Sarah comes down with lunch. I haven’t even eaten my breakfast burritos other than a few bites. She tells me about her pony being very vocal. We talk for a few minutes and the alarm goes off. Time to finish the four cigars.
First I run out and shut off/unhook the car from the solar power. The sun is up high now and it’s hot already. I should have enough power going in from the sun to run everything, including the fridge/freezer, until an hour or so after the sun goes down. If I turn off the fridge at about 6 pm or so the power will last until the middle of the night some time. If I don’t run the fridge at all, the power will last around the clock. Usually.
At the rolling table, I finish three of the four artsy cigars. I had a math error. I only pre-humidified four wrappers. I forgot that counting the quickie cigar I was making five. So I was one wrapper short. No biggie. I humidify another one and put it in a ziploc for later. The three I make are gorgeous. I’d give them to Fidel they are that nice.
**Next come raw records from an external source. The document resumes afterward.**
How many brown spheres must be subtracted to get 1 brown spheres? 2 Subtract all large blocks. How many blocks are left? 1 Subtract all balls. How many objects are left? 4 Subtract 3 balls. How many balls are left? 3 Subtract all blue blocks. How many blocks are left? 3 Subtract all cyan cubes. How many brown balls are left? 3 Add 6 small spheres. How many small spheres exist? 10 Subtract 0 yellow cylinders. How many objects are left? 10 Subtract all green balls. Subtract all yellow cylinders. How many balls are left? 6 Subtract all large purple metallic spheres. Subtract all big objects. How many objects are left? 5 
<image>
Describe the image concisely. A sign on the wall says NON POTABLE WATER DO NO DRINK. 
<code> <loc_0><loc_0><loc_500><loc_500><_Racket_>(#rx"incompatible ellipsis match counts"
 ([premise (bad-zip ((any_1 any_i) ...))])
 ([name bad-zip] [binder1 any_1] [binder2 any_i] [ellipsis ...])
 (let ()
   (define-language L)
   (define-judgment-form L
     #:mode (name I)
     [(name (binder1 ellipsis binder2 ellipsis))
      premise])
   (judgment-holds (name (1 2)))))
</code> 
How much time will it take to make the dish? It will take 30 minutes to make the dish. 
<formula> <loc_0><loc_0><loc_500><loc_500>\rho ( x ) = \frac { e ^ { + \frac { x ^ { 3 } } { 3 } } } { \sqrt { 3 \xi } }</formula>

Just then I see Sarah walking down to the office leading her new pony. She hasn’t renamed him yet. His old name was “Patches” but my girls think it is acceptable to rename them once you get them. I go outside and pet “Patches” and talk to Sarah about her chores.
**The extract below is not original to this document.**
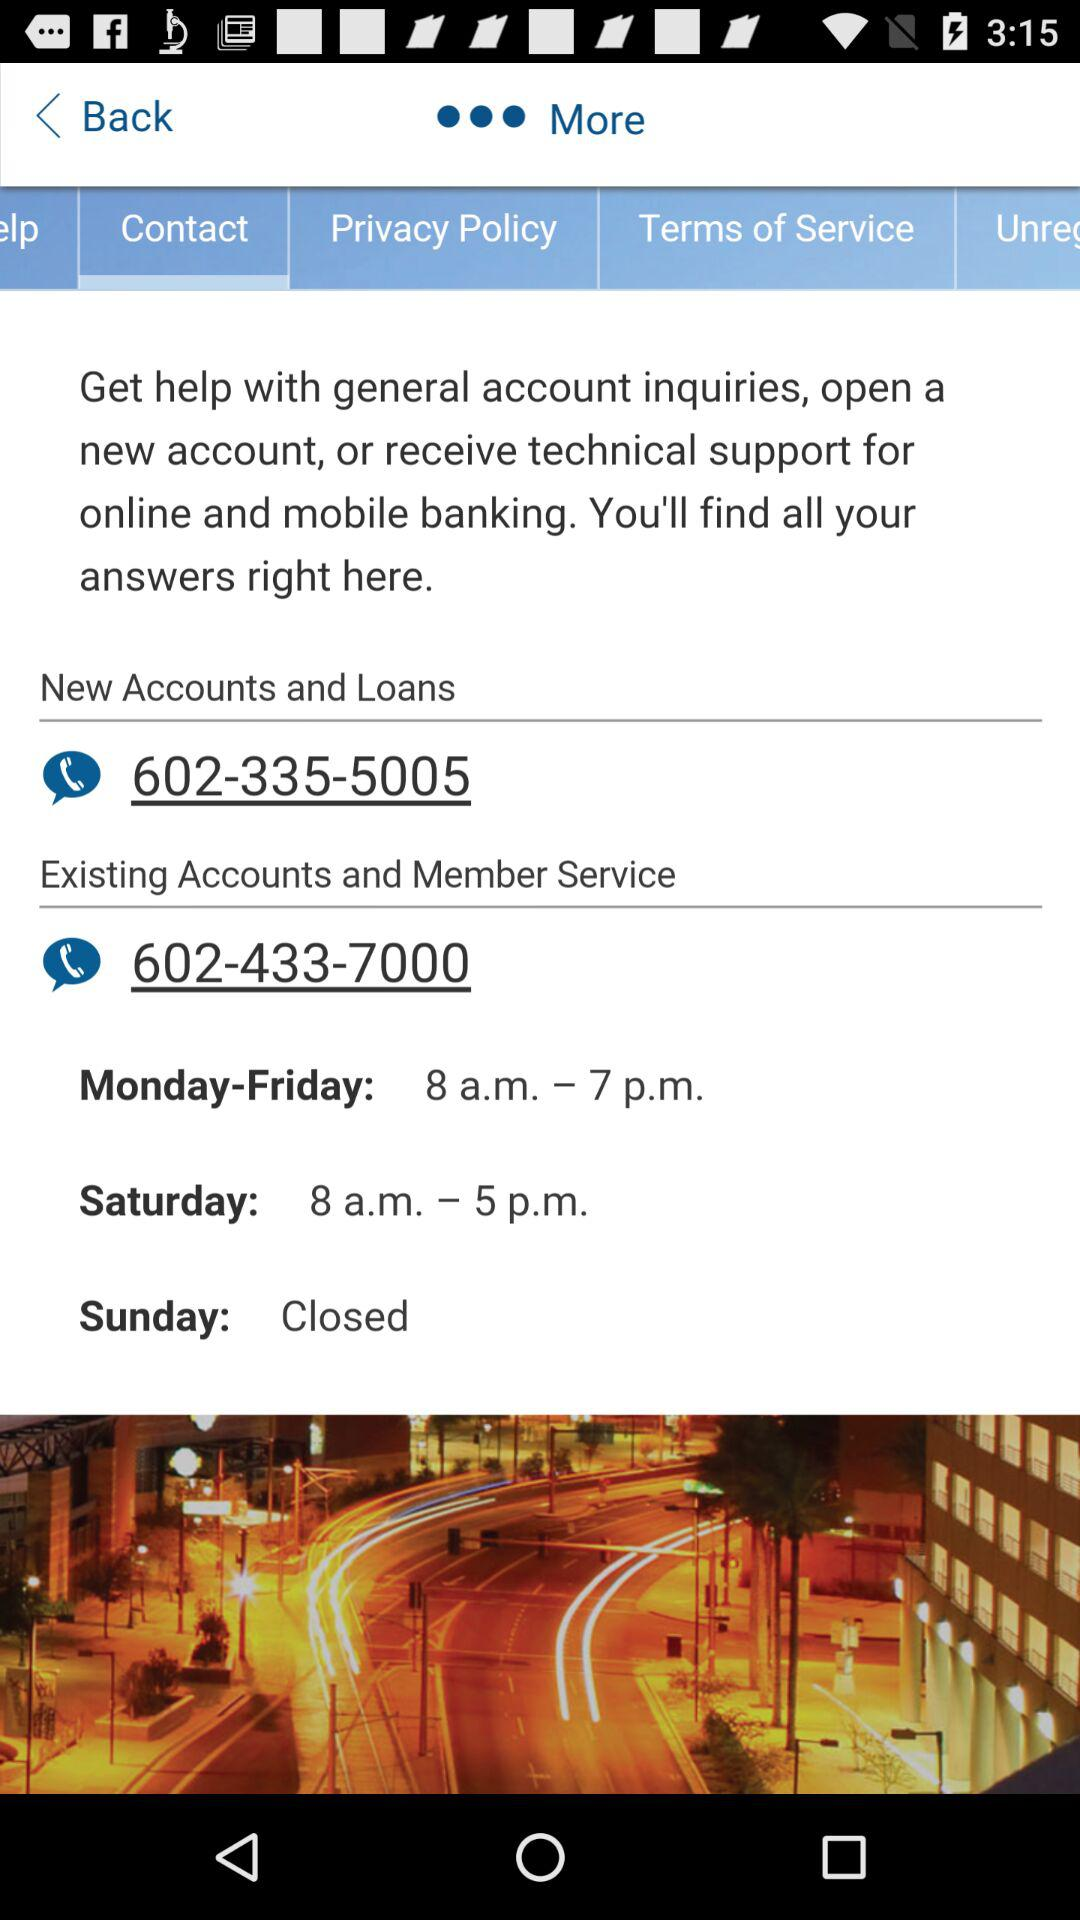Which day of the week is the member service closed? The member service is closed on Sunday.

Back inside it is finally time to write. Whoops.I have 3 Facebook PMs and a bunch of emails. I’ll answer them quickly. Then I turn off Facebook. I close that tab. Now, time to write.
That’s it for part 1, I’m eating my sandwich and then I’m getting to work!
Michael
Joe Putnam says
Your day as an author was much more interesting than mine.
I got up when the old dog started to stir, and took him for a walk.
Drove three miles into town for a $3 breakfast at Dairy Queen with free WiFi. Despite my woodstove and small spring, I am still on grid -except that i do not have the net in my house (or a cell phone).
Checked book sales, read and commented on a couple of articles, and did some research for an upcoming blog article on terrorism and the Charlotte chaos.
Getting ready to head home. Perhaps I will work in the garden or small orchard today -in addition to a little writing on this leisurely Saturday.
Have a goof day.
Woelf Dietrich says
Thanks for the insight to your daily routine. It reminded me again that living off-grid requires discipline and forgoing some of the luxuries we take for granted in our daily lives. Still, there is something admirable about living the life you’re living. I particularly love the idea about a writing office set really far away from the main house. Mine is part of our house and it’s school holidays right now (*Ack!*).